■ Instructions to follow
Below are the records. Gather each line that holds "block".

[Source data]
···
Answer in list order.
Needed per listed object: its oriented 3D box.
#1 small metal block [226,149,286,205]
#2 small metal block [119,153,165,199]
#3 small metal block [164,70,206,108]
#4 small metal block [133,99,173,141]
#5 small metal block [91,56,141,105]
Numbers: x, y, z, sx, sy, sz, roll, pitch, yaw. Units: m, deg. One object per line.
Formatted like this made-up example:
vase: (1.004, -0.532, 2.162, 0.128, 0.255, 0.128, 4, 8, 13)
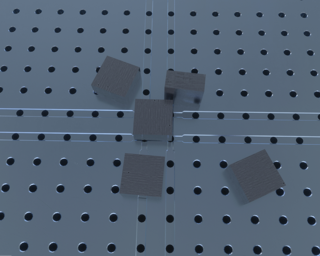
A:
···
■ Task answer
#1 small metal block [226,149,286,205]
#2 small metal block [119,153,165,199]
#3 small metal block [164,70,206,108]
#4 small metal block [133,99,173,141]
#5 small metal block [91,56,141,105]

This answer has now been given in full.